The work, one of those selected for the 80th edition of the prestigious Italian festival, is a tribute to Cuban filmmaker Nicolás Guillén Landrián (1938-2003), a renowned avant-garde figure in Cuban cinema.

With Landrián a paradox arises, he is one of the filmmakers less known by the Cuban public and yet one of the most written about, which is of great academic interest, Daranas explained in a meeting with the press on Monday.

He had the ability to reflect the spirituality of the nation without the need to address religion many times, although he does address it; in his work there is a highly respectful look at what we are as a people, said the filmmaker about the filmmaker's artistic talent. "Landrián" makes the most honest possible approach to this complex and controversial creator about whom there are so many opinions, added Roberto Smith, vice president of Icaic.

Through interviews and bibliographic material, the feature film shows the viewer passages of the life and work of the controversial Cuban filmmaker, including his phase as a poet and the causes that led him to emigrate to the United States in the 1980s.

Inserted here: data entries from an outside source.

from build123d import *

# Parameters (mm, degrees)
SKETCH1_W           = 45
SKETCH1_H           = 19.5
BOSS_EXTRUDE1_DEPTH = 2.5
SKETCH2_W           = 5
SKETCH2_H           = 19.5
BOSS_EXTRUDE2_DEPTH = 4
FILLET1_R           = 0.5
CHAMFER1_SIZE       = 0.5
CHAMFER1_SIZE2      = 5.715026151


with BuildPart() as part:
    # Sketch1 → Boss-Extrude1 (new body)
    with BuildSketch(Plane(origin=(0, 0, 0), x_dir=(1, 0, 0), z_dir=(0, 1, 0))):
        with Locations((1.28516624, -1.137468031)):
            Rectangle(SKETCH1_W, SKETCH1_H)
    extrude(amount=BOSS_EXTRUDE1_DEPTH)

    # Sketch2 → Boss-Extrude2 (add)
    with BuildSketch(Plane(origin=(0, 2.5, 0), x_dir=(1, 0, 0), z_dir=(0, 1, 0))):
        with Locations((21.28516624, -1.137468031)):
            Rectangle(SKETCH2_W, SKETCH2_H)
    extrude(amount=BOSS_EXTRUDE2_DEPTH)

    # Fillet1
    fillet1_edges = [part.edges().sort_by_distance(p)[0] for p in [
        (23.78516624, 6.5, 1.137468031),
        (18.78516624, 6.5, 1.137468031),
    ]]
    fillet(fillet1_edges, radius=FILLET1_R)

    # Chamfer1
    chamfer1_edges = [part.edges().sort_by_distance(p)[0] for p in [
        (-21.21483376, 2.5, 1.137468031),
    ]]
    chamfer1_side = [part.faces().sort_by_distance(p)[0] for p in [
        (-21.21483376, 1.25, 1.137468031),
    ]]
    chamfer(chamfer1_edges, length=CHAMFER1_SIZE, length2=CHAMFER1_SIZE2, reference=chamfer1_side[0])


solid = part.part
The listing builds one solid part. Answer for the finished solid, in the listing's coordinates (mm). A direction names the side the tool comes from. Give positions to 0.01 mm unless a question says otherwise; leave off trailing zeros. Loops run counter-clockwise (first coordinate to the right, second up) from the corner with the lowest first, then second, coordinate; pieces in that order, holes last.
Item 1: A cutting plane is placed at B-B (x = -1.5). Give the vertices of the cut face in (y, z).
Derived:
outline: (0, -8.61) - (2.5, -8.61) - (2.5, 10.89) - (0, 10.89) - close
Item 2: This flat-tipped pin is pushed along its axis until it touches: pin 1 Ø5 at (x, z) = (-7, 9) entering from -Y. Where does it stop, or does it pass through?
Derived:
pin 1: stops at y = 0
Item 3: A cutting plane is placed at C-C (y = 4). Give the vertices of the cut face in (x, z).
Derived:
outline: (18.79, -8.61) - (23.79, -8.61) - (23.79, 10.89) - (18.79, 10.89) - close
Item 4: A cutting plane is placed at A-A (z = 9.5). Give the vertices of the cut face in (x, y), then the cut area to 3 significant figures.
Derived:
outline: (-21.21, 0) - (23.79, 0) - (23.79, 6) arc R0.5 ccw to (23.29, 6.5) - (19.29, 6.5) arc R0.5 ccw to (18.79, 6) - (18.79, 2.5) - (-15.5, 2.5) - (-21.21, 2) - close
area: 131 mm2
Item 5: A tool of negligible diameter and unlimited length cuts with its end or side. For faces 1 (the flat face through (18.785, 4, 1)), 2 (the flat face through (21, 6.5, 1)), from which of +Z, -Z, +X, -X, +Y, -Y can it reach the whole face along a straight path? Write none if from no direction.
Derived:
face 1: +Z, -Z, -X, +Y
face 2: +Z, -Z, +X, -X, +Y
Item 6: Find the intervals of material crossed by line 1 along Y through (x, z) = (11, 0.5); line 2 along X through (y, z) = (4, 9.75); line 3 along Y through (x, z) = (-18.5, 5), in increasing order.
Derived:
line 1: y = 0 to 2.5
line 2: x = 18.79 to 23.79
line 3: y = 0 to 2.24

It was a process of film archeology that Daranas has carried out with the archive's team and it is a historical fact to have this filmography, said Luciano Castillo, director of the Cinemateca de Cuba.

The presence of this work at the Venice Film Festival, as it is also known, is a great honor for the country.

More than 2,000 films were registered for the Festival, so it is an additional source of pride that a Cuban work is present in the selection, which is a prize in itself, Castillo acknowledged.

He explained that originally the idea was to send, in addition to the feature film, the ten documentaries by this cult filmmaker that have been restored, but the festival does not accept short films for the Classics section.

On the meaning of the film for its director, Daranas declared that it was, among other things, "a spiritual mass that vindicates suffering and many things that unfortunately continue to damage our cinema".

The Venice International Film Festival held its first edition in 1932, and is the oldest in the world; Cuba participated for the first time competitively in 1969, although it premiered its official presence at the event in 1962, in an informative way.